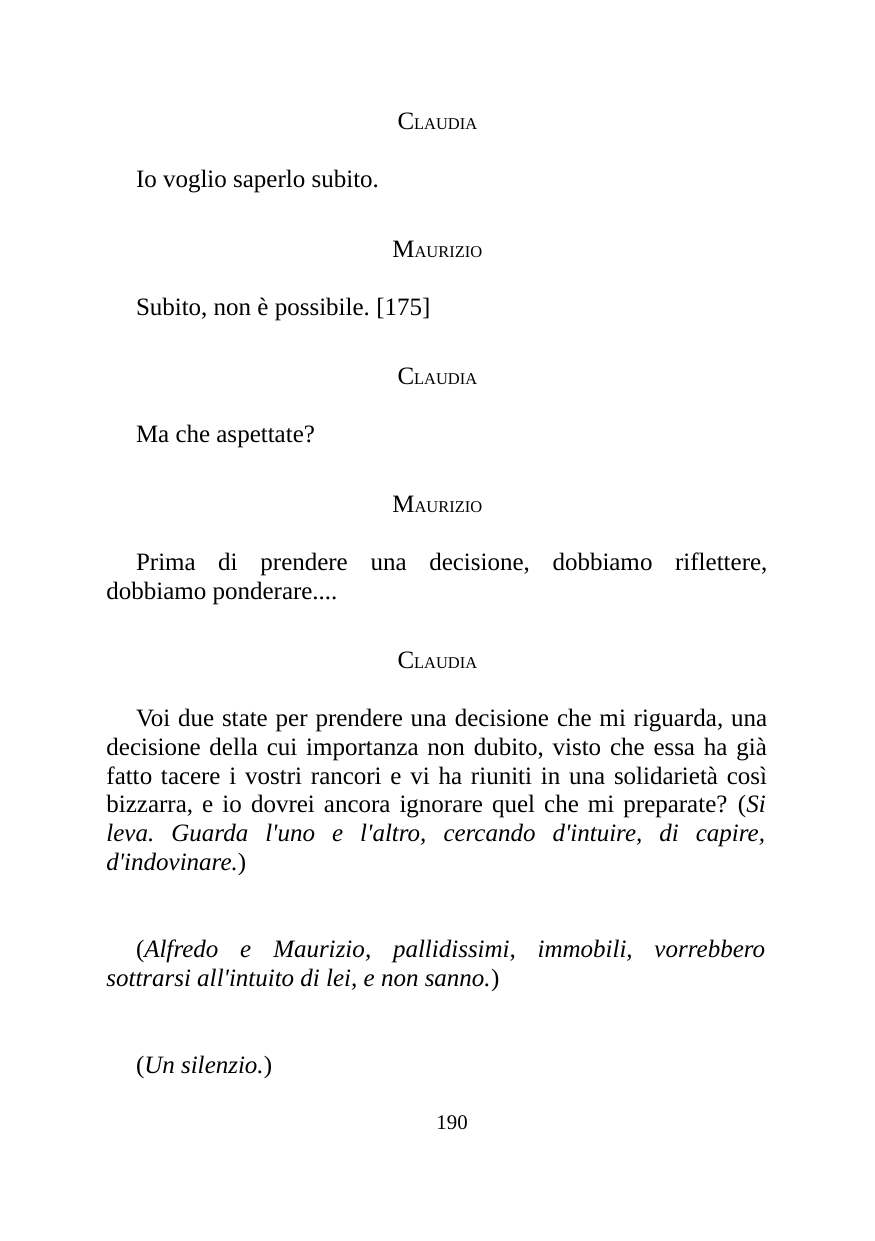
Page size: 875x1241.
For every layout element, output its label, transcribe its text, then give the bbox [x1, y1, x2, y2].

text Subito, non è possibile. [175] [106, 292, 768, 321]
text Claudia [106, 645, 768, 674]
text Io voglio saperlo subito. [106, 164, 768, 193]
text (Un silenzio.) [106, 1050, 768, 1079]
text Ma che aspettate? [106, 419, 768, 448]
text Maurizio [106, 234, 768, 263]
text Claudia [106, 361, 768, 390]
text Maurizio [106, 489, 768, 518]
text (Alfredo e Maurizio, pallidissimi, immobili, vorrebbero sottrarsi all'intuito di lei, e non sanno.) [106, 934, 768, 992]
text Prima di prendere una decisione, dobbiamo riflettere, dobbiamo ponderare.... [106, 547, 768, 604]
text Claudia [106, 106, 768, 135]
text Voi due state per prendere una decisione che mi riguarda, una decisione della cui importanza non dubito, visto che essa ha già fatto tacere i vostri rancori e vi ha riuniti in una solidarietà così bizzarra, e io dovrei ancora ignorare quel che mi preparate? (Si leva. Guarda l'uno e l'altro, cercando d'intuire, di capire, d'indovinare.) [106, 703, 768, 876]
========
> Goal of the exercise: Nothing before the line holding "text (Alfredo e" belongs in the answer. Repeat that line and the rest of the listing exactly.

> Answer to this task:
text (Alfredo e Maurizio, pallidissimi, immobili, vorrebbero sottrarsi all'intuito di lei, e non sanno.) [106, 934, 768, 992]
text Prima di prendere una decisione, dobbiamo riflettere, dobbiamo ponderare.... [106, 547, 768, 604]
text Claudia [106, 106, 768, 135]
text Voi due state per prendere una decisione che mi riguarda, una decisione della cui importanza non dubito, visto che essa ha già fatto tacere i vostri rancori e vi ha riuniti in una solidarietà così bizzarra, e io dovrei ancora ignorare quel che mi preparate? (Si leva. Guarda l'uno e l'altro, cercando d'intuire, di capire, d'indovinare.) [106, 703, 768, 876]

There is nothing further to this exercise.